Try Catch Exception Handling

BlitzMax Forums/BlitzMax Programming/Try Catch Exception Handling

BLaBZ(Posted 2010) [#1]
Just want to know if exception handling is common usage? I've never used it before and was wondering if in professional software projects exception handling is ideal?


ziggy(Posted 2010) [#2]
Yes, it is ideal. I would recommend it to use it in the main function call at last, so if an exception is unhandled in the regular program usage, you can always use this to display infomation about the error to the user, inform the the application is going to be closed, etc. This ismuch better than letting the app just end without any more info.

EDIT: Forgot to mention that tyr/catch sometimes does not work as expected on release mode. Not sure why... (and not sure it's a bug).

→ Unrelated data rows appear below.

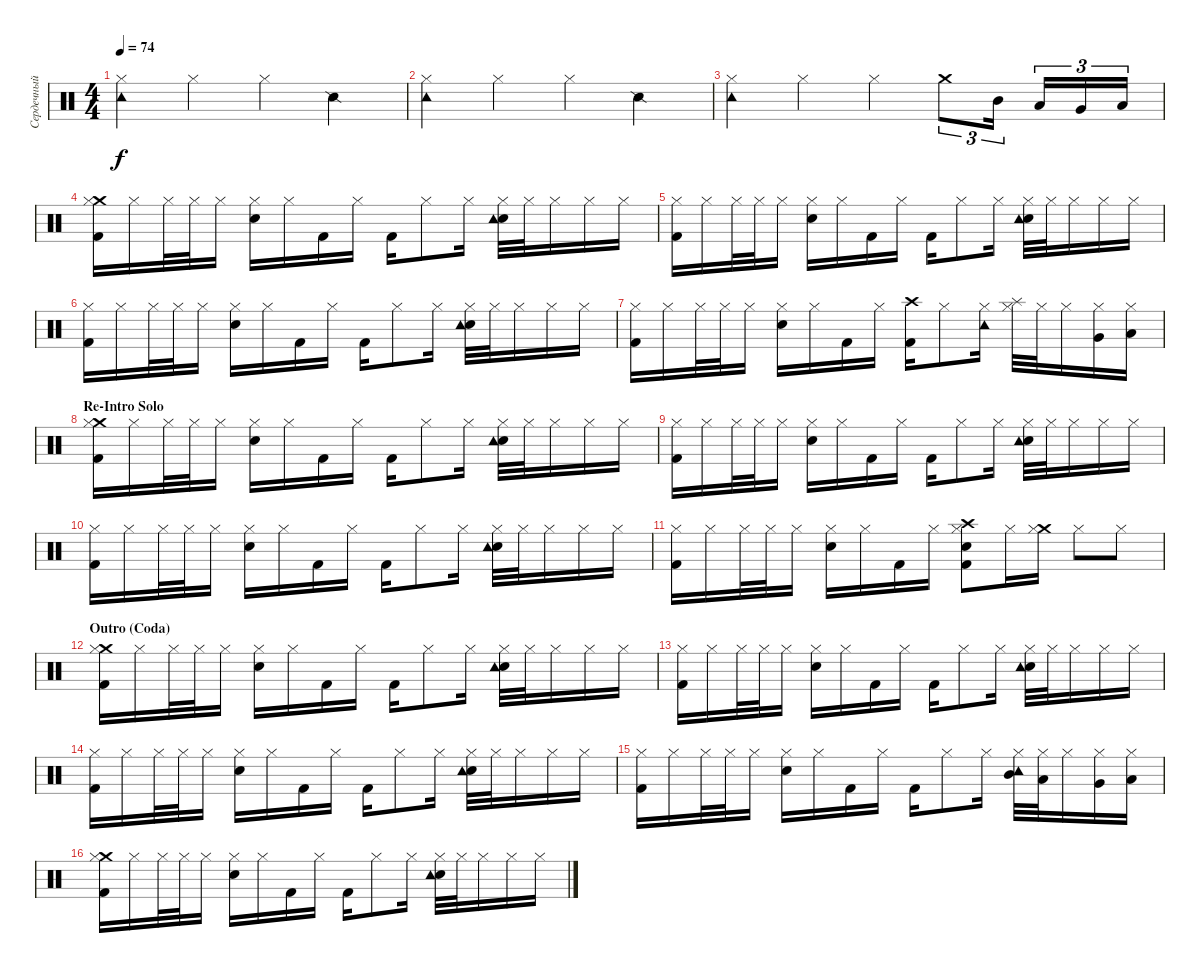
\track ("Сердечный (Ударные)" "Сердечный ") {instrument percussion}
\staff {score}
\articulation defaults
\ts (4 4)
\tempo 74
\clef neutral
\ks c
("Tambourine (hit)" "Hi-Hat (closed)").4{dy f} "Hi-Hat (closed)".4 "Hi-Hat (closed)".4 "Snare (side stick) 2".4 |
("Tambourine (hit)" "Hi-Hat (closed)").4 "Hi-Hat (closed)".4 "Hi-Hat (closed)".4 "Snare (side stick) 2".4 |
("Tambourine (hit)" "Hi-Hat (closed)").4 "Hi-Hat (closed)".4 "Hi-Hat (closed)".4 "Crash medium (hit)".8{tu (3 2)} "Mid Tom (hit)".16{tu (3 2)} "Low Tom (hit)".16{tu (3 2)} "Very Low Tom (hit)".16{tu (3 2)} "Low Floor Tom (hit)".16{tu (3 2)} |
("Kick (hit) 2" "Crash medium (hit)" "Hi-Hat (closed)").16 "Hi-Hat (closed)".16 "Hi-Hat (closed)".32 "Hi-Hat (closed)".32 "Hi-Hat (closed)".16 ("Electric Snare (hit)" "Hi-Hat (closed)").16 "Hi-Hat (closed)".16 "Kick (hit) 2".16 "Hi-Hat (closed)".16 "Kick (hit) 2".16 "Hi-Hat (closed)".8 "Hi-Hat (closed)".16 ("Electric Snare (hit)" "Tambourine (hit)" "Hi-Hat (closed)").32 "Hi-Hat (closed)".32 "Hi-Hat (closed)".16 "Hi-Hat (closed)".16 "Hi-Hat (closed)".16 |
("Kick (hit) 2" "Hi-Hat (closed)").16 "Hi-Hat (closed)".16 "Hi-Hat (closed)".32 "Hi-Hat (closed)".32 "Hi-Hat (closed)".16 ("Electric Snare (hit)" "Hi-Hat (closed)").16 "Hi-Hat (closed)".16 "Kick (hit) 2".16 "Hi-Hat (closed)".16 "Kick (hit) 2".16 "Hi-Hat (closed)".8 "Hi-Hat (closed)".16 ("Electric Snare (hit)" "Tambourine (hit)" "Hi-Hat (closed)").32 "Hi-Hat (closed)".32 "Hi-Hat (closed)".16 "Hi-Hat (closed)".16 "Hi-Hat (closed)".16 |
("Kick (hit) 2" "Hi-Hat (closed)").16 "Hi-Hat (closed)".16 "Hi-Hat (closed)".32 "Hi-Hat (closed)".32 "Hi-Hat (closed)".16 ("Electric Snare (hit)" "Hi-Hat (closed)").16 "Hi-Hat (closed)".16 "Kick (hit) 2".16 "Hi-Hat (closed)".16 "Kick (hit) 2".16 "Hi-Hat (closed)".8 "Hi-Hat (closed)".16 ("Electric Snare (hit)" "Tambourine (hit)" "Hi-Hat (closed)").32 "Hi-Hat (closed)".32 "Hi-Hat (closed)".16 "Hi-Hat (closed)".16 "Hi-Hat (closed)".16 |
("Kick (hit) 2" "Hi-Hat (closed)").16 "Hi-Hat (closed)".16 "Hi-Hat (closed)".32 "Hi-Hat (closed)".32 "Hi-Hat (closed)".16 ("Electric Snare (hit)" "Hi-Hat (closed)").16 "Hi-Hat (closed)".16 "Kick (hit) 2".16 "Hi-Hat (closed)".16 ("Kick (hit) 2" "Crash high (hit)").16 "Hi-Hat (closed)".8 ("Tambourine (hit)" "Hi-Hat (closed)").16 ("Splash (hit)" "Hi-Hat (closed)").32 "Hi-Hat (closed)".32 "Hi-Hat (closed)".16 ("Very Low Tom (hit)" "Hi-Hat (closed)").16 ("Low Floor Tom (hit)" "Hi-Hat (closed)").16 |
\section ("" "Re-Intro Solo")
("Kick (hit) 2" "Crash medium (hit)" "Hi-Hat (closed)").16 "Hi-Hat (closed)".16 "Hi-Hat (closed)".32 "Hi-Hat (closed)".32 "Hi-Hat (closed)".16 ("Electric Snare (hit)" "Hi-Hat (closed)").16 "Hi-Hat (closed)".16 "Kick (hit) 2".16 "Hi-Hat (closed)".16 "Kick (hit) 2".16 "Hi-Hat (closed)".8 "Hi-Hat (closed)".16 ("Electric Snare (hit)" "Tambourine (hit)" "Hi-Hat (closed)").32 "Hi-Hat (closed)".32 "Hi-Hat (closed)".16 "Hi-Hat (closed)".16 "Hi-Hat (closed)".16 |
("Kick (hit) 2" "Hi-Hat (closed)").16 "Hi-Hat (closed)".16 "Hi-Hat (closed)".32 "Hi-Hat (closed)".32 "Hi-Hat (closed)".16 ("Electric Snare (hit)" "Hi-Hat (closed)").16 "Hi-Hat (closed)".16 "Kick (hit) 2".16 "Hi-Hat (closed)".16 "Kick (hit) 2".16 "Hi-Hat (closed)".8 "Hi-Hat (closed)".16 ("Electric Snare (hit)" "Tambourine (hit)" "Hi-Hat (closed)").32 "Hi-Hat (closed)".32 "Hi-Hat (closed)".16 "Hi-Hat (closed)".16 "Hi-Hat (closed)".16 |
("Kick (hit) 2" "Hi-Hat (closed)").16 "Hi-Hat (closed)".16 "Hi-Hat (closed)".32 "Hi-Hat (closed)".32 "Hi-Hat (closed)".16 ("Electric Snare (hit)" "Hi-Hat (closed)").16 "Hi-Hat (closed)".16 "Kick (hit) 2".16 "Hi-Hat (closed)".16 "Kick (hit) 2".16 "Hi-Hat (closed)".8 "Hi-Hat (closed)".16 ("Electric Snare (hit)" "Tambourine (hit)" "Hi-Hat (closed)").32 "Hi-Hat (closed)".32 "Hi-Hat (closed)".16 "Hi-Hat (closed)".16 "Hi-Hat (closed)".16 |
("Kick (hit) 2" "Hi-Hat (closed)").16 "Hi-Hat (closed)".16 "Hi-Hat (closed)".32 "Hi-Hat (closed)".32 "Hi-Hat (closed)".16 ("Electric Snare (hit)" "Hi-Hat (closed)").16 "Hi-Hat (closed)".16 "Kick (hit) 2".16 "Hi-Hat (closed)".16 ("Kick (hit) 2" "Electric Snare (hit)" "Crash high (hit)" "Hi-Hat (closed)").8 "Hi-Hat (closed)".16 ("Crash medium (hit)" "Hi-Hat (closed)").16 "Hi-Hat (closed)".8 "Hi-Hat (closed)".8 |
\section ("" "Outro (Coda)")
("Kick (hit) 2" "Crash medium (hit)" "Hi-Hat (closed)").16 "Hi-Hat (closed)".16 "Hi-Hat (closed)".32 "Hi-Hat (closed)".32 "Hi-Hat (closed)".16 ("Electric Snare (hit)" "Hi-Hat (closed)").16 "Hi-Hat (closed)".16 "Kick (hit) 2".16 "Hi-Hat (closed)".16 "Kick (hit) 2".16 "Hi-Hat (closed)".8 "Hi-Hat (closed)".16 ("Electric Snare (hit)" "Tambourine (hit)" "Hi-Hat (closed)").32 "Hi-Hat (closed)".32 "Hi-Hat (closed)".16 "Hi-Hat (closed)".16 "Hi-Hat (closed)".16 |
("Kick (hit) 2" "Hi-Hat (closed)").16 "Hi-Hat (closed)".16 "Hi-Hat (closed)".32 "Hi-Hat (closed)".32 "Hi-Hat (closed)".16 ("Electric Snare (hit)" "Hi-Hat (closed)").16 "Hi-Hat (closed)".16 "Kick (hit) 2".16 "Hi-Hat (closed)".16 "Kick (hit) 2".16 "Hi-Hat (closed)".8 "Hi-Hat (closed)".16 ("Electric Snare (hit)" "Tambourine (hit)" "Hi-Hat (closed)").32 "Hi-Hat (closed)".32 "Hi-Hat (closed)".16 "Hi-Hat (closed)".16 "Hi-Hat (closed)".16 |
("Kick (hit) 2" "Hi-Hat (closed)").16 "Hi-Hat (closed)".16 "Hi-Hat (closed)".32 "Hi-Hat (closed)".32 "Hi-Hat (closed)".16 ("Electric Snare (hit)" "Hi-Hat (closed)").16 "Hi-Hat (closed)".16 "Kick (hit) 2".16 "Hi-Hat (closed)".16 "Kick (hit) 2".16 "Hi-Hat (closed)".8 "Hi-Hat (closed)".16 ("Electric Snare (hit)" "Tambourine (hit)" "Hi-Hat (closed)").32 "Hi-Hat (closed)".32 "Hi-Hat (closed)".16 "Hi-Hat (closed)".16 "Hi-Hat (closed)".16 |
("Kick (hit) 2" "Hi-Hat (closed)").16 "Hi-Hat (closed)".16 "Hi-Hat (closed)".32 "Hi-Hat (closed)".32 "Hi-Hat (closed)".16 ("Electric Snare (hit)" "Hi-Hat (closed)").16 "Hi-Hat (closed)".16 "Kick (hit) 2".16 "Hi-Hat (closed)".16 "Kick (hit) 2".16 "Hi-Hat (closed)".8 "Hi-Hat (closed)".16 ("Mid Tom (hit)" "Tambourine (hit)" "Hi-Hat (closed)").32 ("Low Tom (hit)" "Hi-Hat (closed)").32 "Hi-Hat (closed)".16 ("Very Low Tom (hit)" "Hi-Hat (closed)").16 ("Low Floor Tom (hit)" "Hi-Hat (closed)").16 |
("Kick (hit) 2" "Crash medium (hit)" "Hi-Hat (closed)").16 "Hi-Hat (closed)".16 "Hi-Hat (closed)".32 "Hi-Hat (closed)".32 "Hi-Hat (closed)".16 ("Electric Snare (hit)" "Hi-Hat (closed)").16 "Hi-Hat (closed)".16 "Kick (hit) 2".16 "Hi-Hat (closed)".16 "Kick (hit) 2".16 "Hi-Hat (closed)".8 "Hi-Hat (closed)".16 ("Electric Snare (hit)" "Tambourine (hit)" "Hi-Hat (closed)").32 "Hi-Hat (closed)".32 "Hi-Hat (closed)".16 "Hi-Hat (closed)".16 "Hi-Hat (closed)".16

Czar Flavius(Posted 2010) [#3]
I tried it before but couldn't get it to work properly. null object errors started to become ignored entirely!!


Tommo(Posted 2010) [#4]

Type SomeExceptionType 'define your exception type
	Method ToString$() 'Message going to appear in debugger
		Return "Message"
	End
End Type

Try
	...
	If SomethingBadHappens() Then Throw new SomeExceptionType
	...

Catch ex:SomeExceptionType 'This is the correct way to do, it only catches exceptions of SomeExceptionType
	...
Catch ex:SomeOtherExceptionType

Catch ex:Object 'Never use this, it catches system exceptions 
        ...
End Try



Try...Catch only makes sense when you're dealing with known exceptions. You have to throw those exceptions by yourself.

Null Object is not an exception but an error, it's not something for Try...Catch to handle.

*EDIT: You can also catch exceptions defined in other modules, like TStreamException.
It's a nice tool to organize the code structure. You can use it to take exception handling out of actual implementation.


ima747(Posted 2010) [#5]
I implement it any time there's file access that may not be perfect. e.g. loading a saved file. The stream may report it is as long as you expect, but in actuality be shorter, so when you try to read all your data back it hits a wall, throws an exception and crashes. If you just catch that exception you can tell the user the file they want is damaged and then continue about your business. If your saves are at all slow (lots of processing done during the save for example) you're bound to create a bad file here or there when a user gets their hands on it (people like to force quit more than you'd think, especially when the app reports it's not responding due to no time in the main loop to process events).

Working around potential problems is a big part of programming, one that often gets over looked via the "it works here it must work everywhere" mentality of rapid development.